Promoting Child Development and Learning. Candidates use their understanding of young children’s characteristics and needs, and of multiple interacting influences on children’s development and learning, to create environments that are healthy, respectful, supportive, and challenging for all children. (CA, D, Ex)

Standard 2.

Building Family and Community Relationships. Candidates know about, understand, and value the importance and complex characteristics of children’s families and communities. They use this understanding to create respectful, reciprocal relationships that support and empower families, and to involve all families in their children’s development and learning. (Ex, CA, D)

Standard 3.

Observing, Documenting, and Assessing to Support Young Children and

Families. Candidates know about and understand the goals, benefits, and uses of assessment. They know about and use systematic observations, documentation, and other effective assessment strategies in a responsible way, in partnership with families and other professionals, to positively influence children’s development and learning.(CA, D, Ex)

Standard 4.

Using Developmentally Effective Approaches. Candidates use their knowledge of academic disciplines to design, implement, and evaluate experiences that promote positive development and learning for each and every young child. (CA, D, Ex)

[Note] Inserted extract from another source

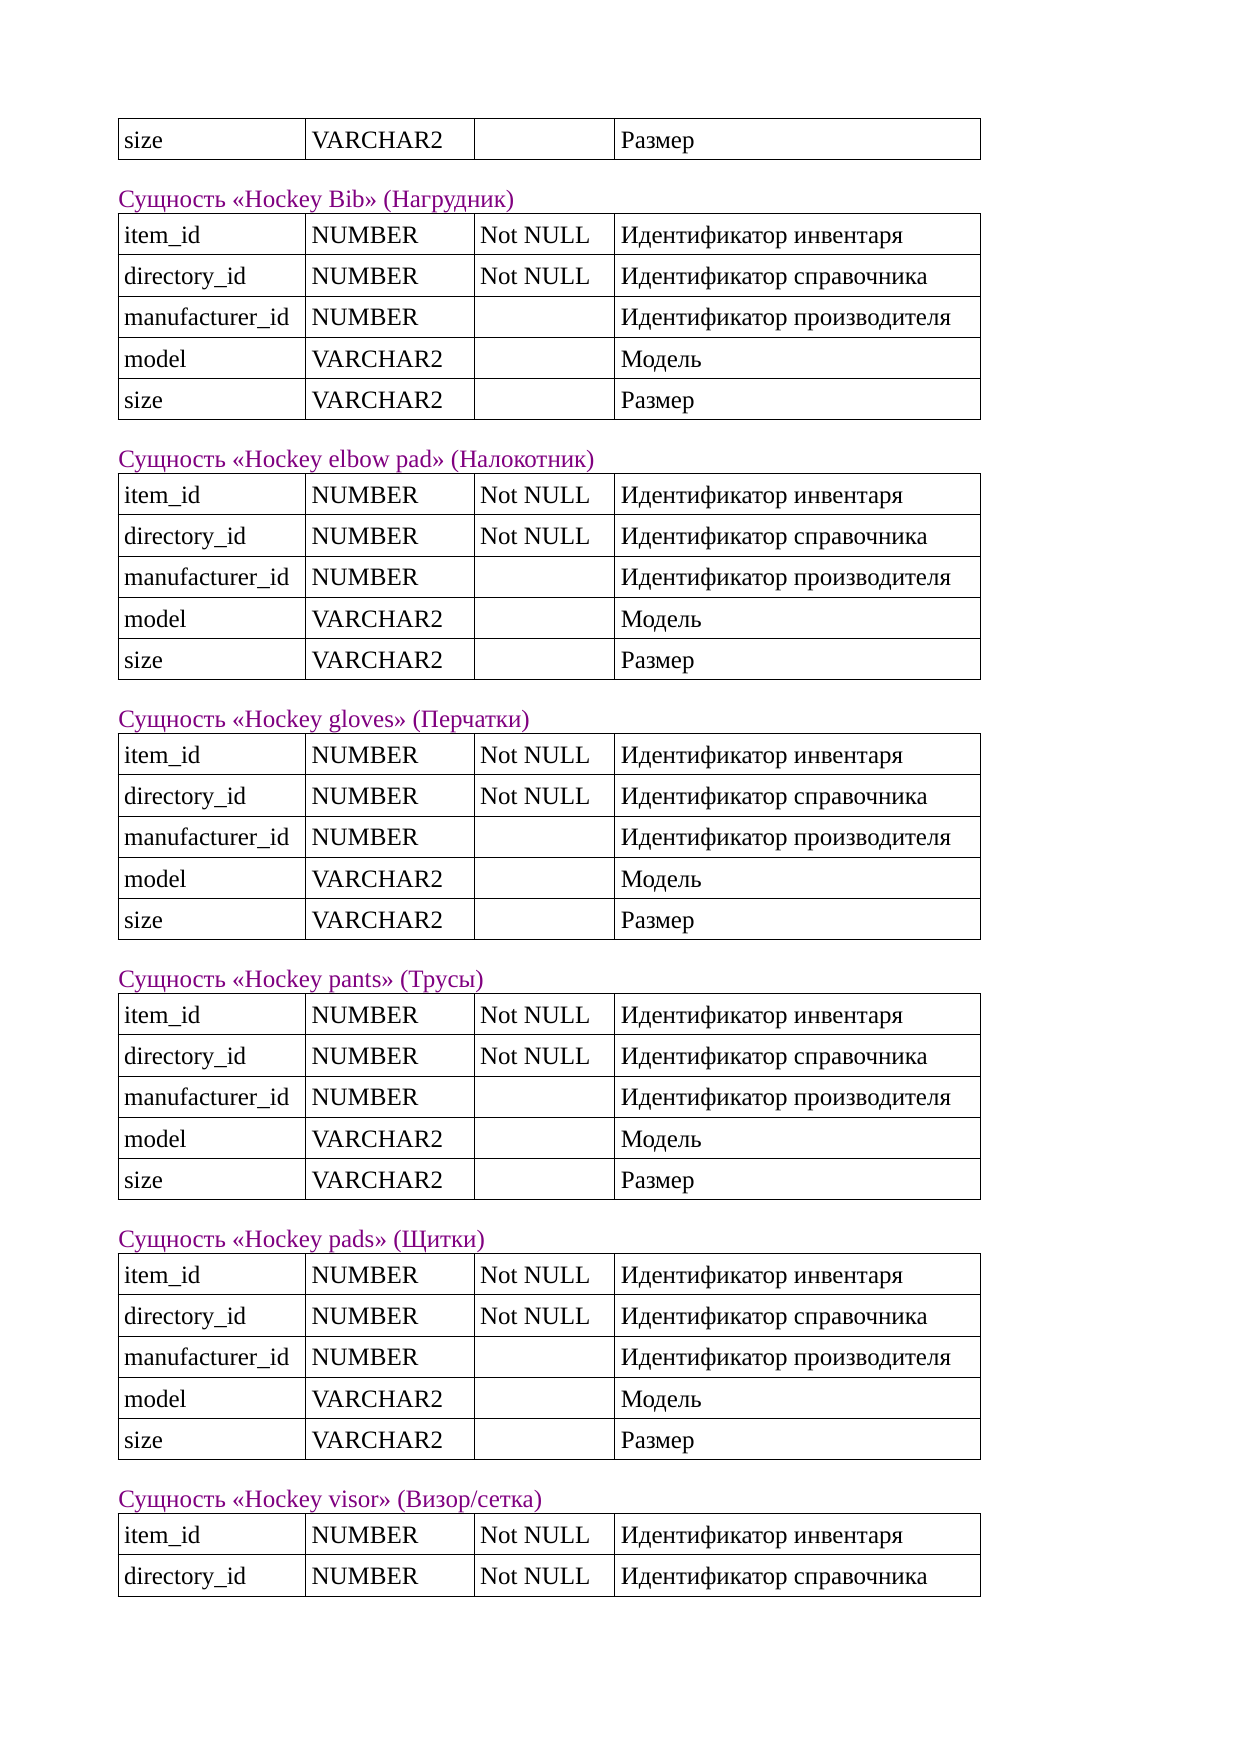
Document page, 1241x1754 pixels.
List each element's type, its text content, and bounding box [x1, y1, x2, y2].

Standard 4.Using Context Knowledge to Build Meaningful Curriculum. Candidates integrate their understanding of and relationships with children and families; their understanding of developmentally effective approaches to teaching and learning; and their knowledge of academic disciplines to design, implement, and evaluate experiences that promote positive development and learning for all children. (CA, D, Ex)

Standard 6.

Becoming a Professional. Candidates identify and conduct themselves as members of the early childhood profession. They know and use ethical guidelines and other professional standards related to early childhood practice. They are continuous, collaborative learners who demonstrate knowledgeable, reflective, and critical perspectives on their work, making informed decisions that integrate knowledge from a variety of sources. They are informed advocates for sound educational practices and policies. (CA, D)

 

 

WCOE Standards (InTASC):

The outcomes for graduates of professional programs are based upon knowledge, skills, and dispositions in the following elements:

  • Learner Development - understand how learners grow and develop, recognizing that patterns of learning and development vary individually within and across the cognitive, linguistic, social, emotional, and physical areas, and design and implements developmentally appropriate and challenging learning experiences.
  • Learning Differences - understand individual differences and diverse cultures and communities to ensure inclusive learning environments that enable each learner to meet high standards.
  • Learning Environment - work with others to create environments that support individual and collaborative learning, and that encourage positive social interaction, active engagement in learning, and self-motivation.
  • Content Knowledge - understand the central concepts, tools of inquiry, and structures of the discipline(s) he or she teaches and creates learning experiences that make the discipline accessible and meaningful for learners to assure mastery of the content.
  • Application of Content - understand how to connect concepts and use differing perspectives to engage learners in critical thinking, creativity, and collaborative problem solving related to authentic local and global issues.
  • Assessment - understand and use multiple methods of assessment to engage learners in their own growth, to monitor learner progress, and to guide the teacher’s and learner’s decision making.
  • Planning for Instruction - plan instruction that supports every student in meeting rigorous learning goals by drawing upon knowledge of content areas, curriculum, cross-disciplinary skills, and pedagogy, as well as knowledge of learners and the community context.
  • Instructional Strategies - understand and use a variety of instructional strategies to encourage learners to develop deep understanding of content areas and their connections, and to build skills to apply knowledge in meaningful ways.

 

  • Professional Learning and Ethical Practice - engage in ongoing professional learning and use evidence to continually evaluate his or her practice, particularly the effects of his or her choices and actions on others (learners, families, other professionals, and the community), and adapts practice to meet the needs of each learner.
  • Leadership and Collaboration - seek appropriate leadership roles and opportunities to take responsibility for student learning, to collaborate with learners, families, colleagues, other school professionals, and community members to ensure learner growth, and to advance the profession.

 

Assessment

Exams (Ex)-34 points

Learning Assignments [Related Chapter Assignments (CA)]- 38 points Discussions (D)-28 points

 

Grading Procedures

  1. Exam (34 points):

There will be four scheduled exams for this course (completed via the Test link on D2L). Each exam is worth 8.5 points. The format for each exam will be multiple-choice. Each student will have 90 minutes to take each online exam. Exams will open at 6:00 a.m. and must be completed by 11:59 p.m. You will have 90 minutes to take each exam. Please do not take the exam with your fellow classmates. Exams are an individual effort. See the course outline above for exact exam dates.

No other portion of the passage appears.